Now we can generate our own wine reviews! Let's look at a few examples:

generate_description("A fruity merlot, with a smoky")

"A fruity merlot, with a smoky oak . The black tea and toasty oak , apricot , allied to the next six years of lively , it 's an apéritif wine very tight and soft , it too extracted Malbec . Best now . Now–2014 ."

generate_description("A full bodied cabernet")

"A full bodied cabernet sauvignon . It has honey , it 's a delicious , and berry fruits and rich future ."

generate_description("Spicy")

'Spicy cinnamon , it would pair with hearty mouthful of Pinot they are tougher , currants , cherries lead to the finish .'

generate_description("This wine is terrible")

'This wine is terrible flaws here . In the black fruit . It feels tight tannins , luscious and fresh and sophisticated notes , this wine offers aromas emerge with ample cherry flavors . The finish is very impressive is a bit of cherry , which offers a shame to soften . In the ripe and Mourvèdre , with suggesting wet cement , juicy and bitter , this 100 % Syrah with just yearning to say that will put in French oak flavors are certified - dimensional in the perfumes , packed with mixed with mature fruit and minerality and a final indication of'

Conclusion¶

There we have it!

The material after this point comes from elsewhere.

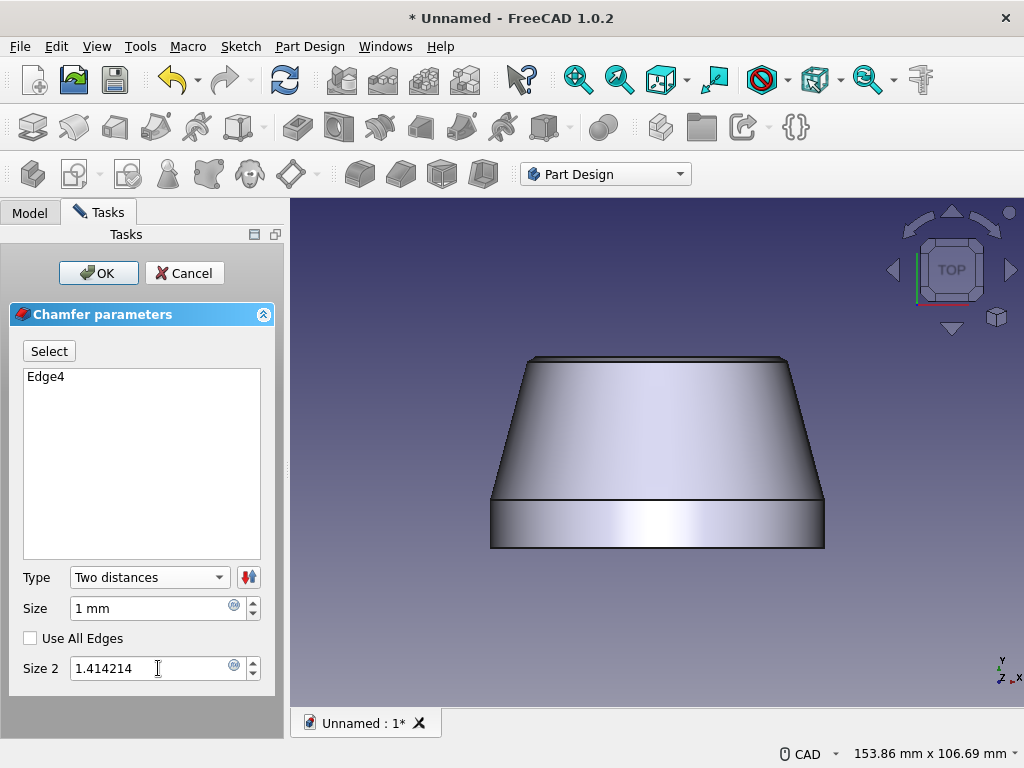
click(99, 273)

A (very rudimentary) text generation model!

The descriptions certainly aren't great - I don't think any human would be fooled! However, given how rudimentary our model is, I think that the results are surprisingly good. The sentences are mostly coherent, and they also do quite well at capturing the vocabulary and phrases distinctive of the wine description genre! This shows how even the simplest model can "learn" features distinctive of the dataset it was trained on.

Of course the field of natural language processing has methods that are much better than Markov chains!! Recurrent neural networks, transformers, etc... Maybe we'll look at those in a future notebook.

In the meantime, enjoy this Markovian Sommelier!